好在謝默並沒有造反之心,他隻想當一個尋常百姓,再多些善舉而已。但偏偏有人不識真神,居然就把主意打到了他的頭上——
就在周家兄弟因為老母被害憤而殺官兵而起的同時,離他家不遠的謝默也遭遇了不少外地官軍的侵擾盤剝,甚至還有人直接就動上了手。
這一下可真就捅了馬蜂窩了,當即就惹來了周圍無數百姓的圍攻,隨後周家兄弟也跳了出來,趁此機會裹挾了大量憤怒的百姓,以及與他們交好的一部分官軍在金陵城裡大鬨起來,並最終打破一處倉庫,搶了不少糧食和兵器,再衝破城門,逃上了棲霞山。
可以說要不是湊巧有人招惹上了謝默,以周家兄弟的號召力和本領還真未必能殺出金陵去。
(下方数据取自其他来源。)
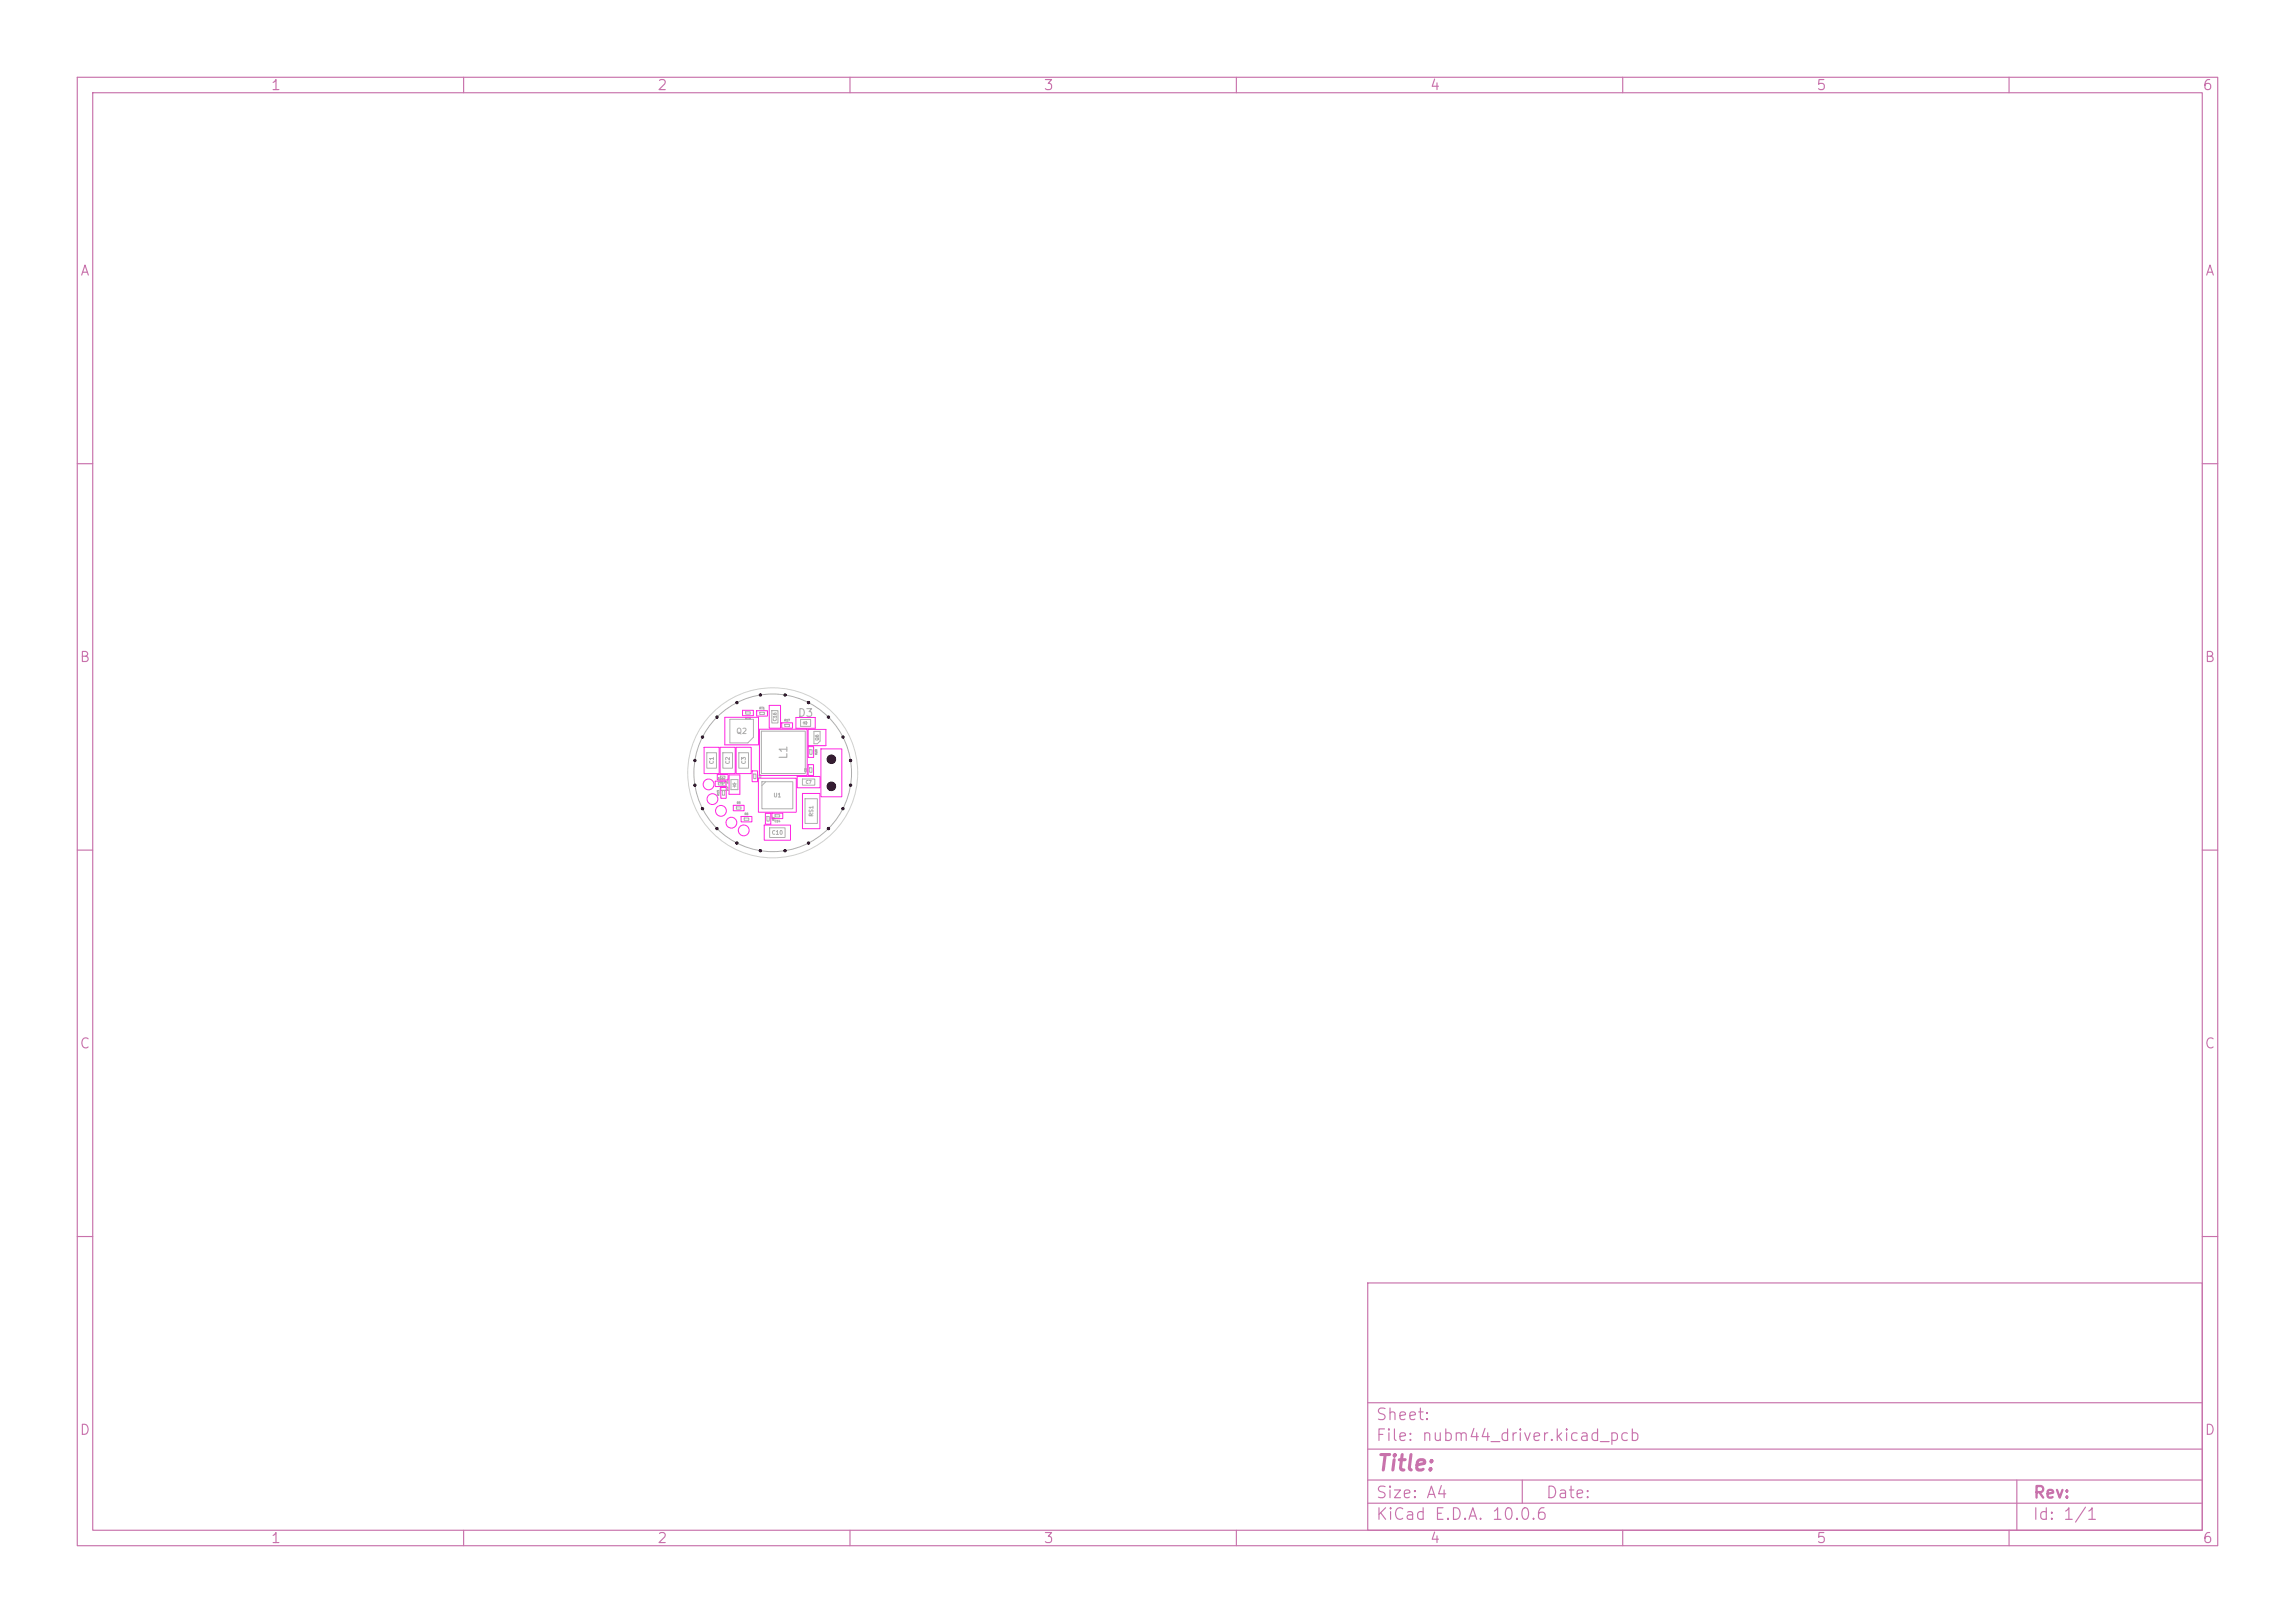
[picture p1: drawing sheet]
<svg xmlns="http://www.w3.org/2000/svg" width="297mm" height="210mm" viewBox="0 0 297 210" stroke-linecap="round" stroke-linejoin="round" font-family="sans-serif">
<defs><g id="words">
<text font-size="2" fill="#c872ab" x="178" y="190.8">Title:</text>
<g font-size="1.5" fill="#c872ab">
<text x="178" y="184.1">Sheet:</text>
<text x="178" y="186.8">File: nubm44_driver.kicad_pcb</text>
<text x="178" y="197">KiCad E.D.A. 10.0.6</text>
<text x="178" y="194.2">Size: A4</text>
<text x="200" y="194.2">Date:</text>
<text x="263" y="197">Id: 1/1</text>
<text x="263" y="194.2">Rev:</text>
</g>
<g font-size="1.3" fill="#c872ab">
<text x="35" y="12">1</text>
<text x="85" y="12">2</text>
<text x="135" y="12">3</text>
<text x="185" y="12">4</text>
<text x="235" y="12">5</text>
<text x="285" y="12">6</text>
<text x="10.3" y="36">A</text>
<text x="285.3" y="36">A</text>
<text x="10.2" y="86">B</text>
<text x="285.2" y="86">B</text>
<text x="10.2" y="136">C</text>
<text x="285.2" y="136">C</text>
<text x="10.2" y="186">D</text>
<text x="285.2" y="186">D</text>
<text x="35" y="200">1</text>
<text x="85" y="200">2</text>
<text x="135" y="200">3</text>
<text x="185" y="200">4</text>
<text x="235" y="200">5</text>
<text x="285" y="200">6</text>
</g>
<g font-size="1" fill="#afafaf">
<text x="103.2" y="93">D3</text>
<text x="102.1" y="98.3" transform="rotate(-90 102.1 98.3)">L1</text>
<text x="94.5" y="102.6" transform="rotate(-90 94.5 102.6)">D2</text>
</g>
<text font-size=".7" fill="#afafaf" x="95.2" y="95.1">Q2</text>
<g font-size=".5" fill="#afafaf">
<text x="92.5" y="98.9" transform="rotate(-90 92.5 98.9)">C1</text>
<text x="94.5" y="98.9" transform="rotate(-90 94.5 98.9)">C2</text>
<text x="96.6" y="98.9" transform="rotate(-90 96.6 98.9)">C3</text>
<text x="100" y="103.3">U1</text>
<text x="105.4" y="105.7" transform="rotate(-90 105.4 105.7)">RS1</text>
<text x="99.8" y="108.1">C10</text>
</g>
<g font-size=".4" fill="#afafaf">
<text x="100.6" y="93.4" transform="rotate(-90 100.6 93.4)">C16</text>
<text x="106" y="95.9" transform="rotate(-90 106 95.9)">Q6</text>
<text x="104.2" y="101.5">C7</text>
</g>
<g font-size=".3" fill="#afafaf">
<text x="96.4" y="93.1">R18</text>
<text x="98.3" y="91.8">RT1</text>
<text x="101.5" y="93.4">R17</text>
<text x="92.9" y="100.9">R10</text>
<text x="93.1" y="101.4">R14</text>
<text x="98.6" y="100.7" transform="rotate(-90 98.6 100.7)">C5</text>
<text x="104.4" y="99.9" transform="rotate(-90 104.4 99.9)">C6</text>
<text x="105.8" y="97.7" transform="rotate(-90 105.8 97.7)">R20</text>
<text x="93.1" y="103" transform="rotate(-90 93.1 103)">R13</text>
<text x="95.3" y="104.1">R5</text>
<text x="96.3" y="105.5">R6</text>
<text x="100.2" y="106.4">C14</text>
<text x="100.3" y="106.2" transform="rotate(-90 100.3 106.2)">R2</text>
</g>
</g></defs>
<g fill="none" stroke="#c872ab" stroke-width=".15">
<path d="M10 10h277v190h-277zM12 12h273v186h-273zM60 10v2M110 10v2M160 10v2M210 10v2M260 10v2M10 60h2M285 60h2M10 110h2M285 110h2M10 160h2"/>
<path d="M177 166h108v32h-108zM285 160h2M60 198v2M110 198v2M160 198v2M177 194.5h108M177 191.5h108M177 187.5h108M177 181.5h108M197 191.5v3M210 198v2M260 198v2"/>
<path d="M261 191.5v6.5"/>
</g>
<g fill="none" stroke="#afafaf" stroke-width=".13">
<path d="M91.5 97.4h1.2v2h-1.2zM93.5 97.4h1.3v2h-1.3zM94.5 93.1h3v2.3l-.7 .7h-2.3zM95.6 97.4h1.3v2h-1.3zM96.5 92.1h.6v.3h-.6zM98.3 92.2h.6v.3h-.6zM98.5 94.6h5.7v5.5h-5.7zM99.9 92h.8v1.6h-.8zM101.6 93.7h.6v.3h-.6zM103.6 93.1h1.3v.9h-1.3zM103.9 93.5h.2M104.1 93.5l.3-.2v.4z"/>
<path d="M104.1 93.3v.4M104.4 93.5h.1M104.8 99.3h.3v.6h-.3zM104.8 97h.3v.6h-.3zM105.3 94.6h.8v1.3l-.3 .3h-.5zM93 101.3h.6v.3h-.6zM93.2 100.4h.6v.3h-.6zM93.5 102.3h.3v.6h-.3zM94.6 100.9h.9v1.3h-.9zM94.8 101.4h.4l-.2 .3zM94.8 101.7h.4M95 101.3v.1"/>
<path d="M95 101.7v.2M95.3 104.4h.6v.3h-.6zM96.3 105.8h.6v.3h-.6zM97.5 100.1h.3v.7h-.3zM98.6 101.1h4v3.6h-4zM99.1 101.2l-.5 .5M99.2 105.7h.3v.5h-.3zM99.6 107.1h2v1.3h-2zM100.3 105.4h.6v.3h-.6zM103.8 100.8h1.6v.8h-1.6zM104.2 103.4h1.6v3.1h-1.6z"/>
<circle cx="100" cy="100" r="10.2"/>
</g>
<g fill="none" stroke="#ff26e2" stroke-width=".13">
<path d="M91.1 96.7h2v3.4h-2zM93.2 96.7h1.9v3.4h-1.9zM93.8 92.8h4.4v3.6h-4.4zM95.3 96.7h1.9v3.4h-1.9zM96.1 91.9h1.4v.7h-1.4zM97.3 99.8h.7v1.3h-.7zM97.9 92h1.4v.7h-1.4zM98.3 94.4h6.2v5.9h-6.2zM99.5 91.3h1.5v2.9h-1.5zM101.2 93.5h1.4v.7h-1.4zM103 92.8h2.5v1.4h-2.5zM104.6 98.9h.7v1.4h-.7z"/>
<path d="M104.6 94.4h2.3v2.1h-2.3zM104.6 96.6h.7v1.4h-.7zM106.2 96.9h2.7v6.2h-2.7zM92.6 101.1h1.4v.7h-1.4zM92.8 100.2h1.4v.7h-1.4zM93.3 101.9h.7v1.4h-.7zM94.3 100.3h1.4v2.5h-1.4zM94.9 104.2h1.4v.7h-1.4zM95.9 105.6h1.4v.7h-1.4zM98.1 100.7h5v4.4h-5zM98.9 106.8h3.4v1.9h-3.4zM99.1 105.2h.7v1.5h-.7z"/>
<path d="M99.9 105.2h1.4v.7h-1.4zM103.2 100.5h2.9v1.4h-2.9zM103.8 102.7h2.3v4.5h-2.3z"/>
<circle cx="91.7" cy="101.5" r=".7"/>
<circle cx="92.2" cy="103.4" r=".7"/>
<circle cx="93.3" cy="104.9" r=".7"/>
<circle cx="94.6" cy="106.4" r=".7"/>
<circle cx="96.2" cy="107.4" r=".7"/>
</g>
<circle cx="100" cy="100" r="11" fill="none" stroke="#d0d2cd" stroke-width=".13"/>
<g fill="#000" stroke="#000" stroke-width=".13">
<circle cx="89.9" cy="98.4" r=".15"/>
<circle cx="90.9" cy="95.4" r=".15"/>
<circle cx="92.8" cy="92.8" r=".15"/>
<circle cx="95.4" cy="90.9" r=".15"/>
<circle cx="98.4" cy="89.9" r=".15"/>
<circle cx="101.6" cy="89.9" r=".15"/>
<circle cx="104.6" cy="90.9" r=".15"/>
<circle cx="107.2" cy="92.8" r=".15"/>
<circle cx="107.6" cy="98.3" r=".55"/>
<circle cx="109.1" cy="95.4" r=".15"/>
<circle cx="110.1" cy="98.4" r=".15"/>
<circle cx="89.9" cy="101.6" r=".15"/>
<circle cx="90.9" cy="104.6" r=".15"/>
<circle cx="92.8" cy="107.2" r=".15"/>
<circle cx="95.4" cy="109.1" r=".15"/>
<circle cx="98.4" cy="110.1" r=".15"/>
<circle cx="101.6" cy="110.1" r=".15"/>
<circle cx="104.6" cy="109.1" r=".15"/>
<circle cx="107.2" cy="107.2" r=".15"/>
<circle cx="107.6" cy="101.8" r=".55"/>
<circle cx="109.1" cy="104.6" r=".15"/>
<circle cx="110.1" cy="101.6" r=".15"/>
</g>
<use href="#words"/>
</svg>

也正因為發生了這等變故,那些初來江南的將領們才知道原來有謝默這樣一個存在,在知道他在江南一地的響亮名聲後,他們自然不敢接下剿滅山上亂民的命令,這要是一個錯手把謝默給殺了,後果可就太嚴重了。
彆說是他們了,就是朱勔這麼個暴虐之人,死在其手下的官員已有不少,也照樣不敢對謝默下手。因為他很清楚,一旦自己真做了這事,原先還溫馴如羊的金陵百姓必然群體暴動,到時就算不死,自己個兒怕也無法再在江南待下去了。
因為有謝默的存在,那幾百逃上棲霞山的亂民才被人刻意忽略,直到孫途新近到來,然後在不知內情的情況下被朱勔說動,接下了這個會引來極大後患的任務。
現在,朱勔最期待的就是孫途即刻就對山上亂民用兵,隻要殺將上去,把謝默一除,孫途就徹底完了。哪怕他在之前聲名遠播,還靠著遠超其他官軍隊伍的軍紀讓百姓交口稱讚,但隻要他傷了謝默,便會成為江南所有人的公敵。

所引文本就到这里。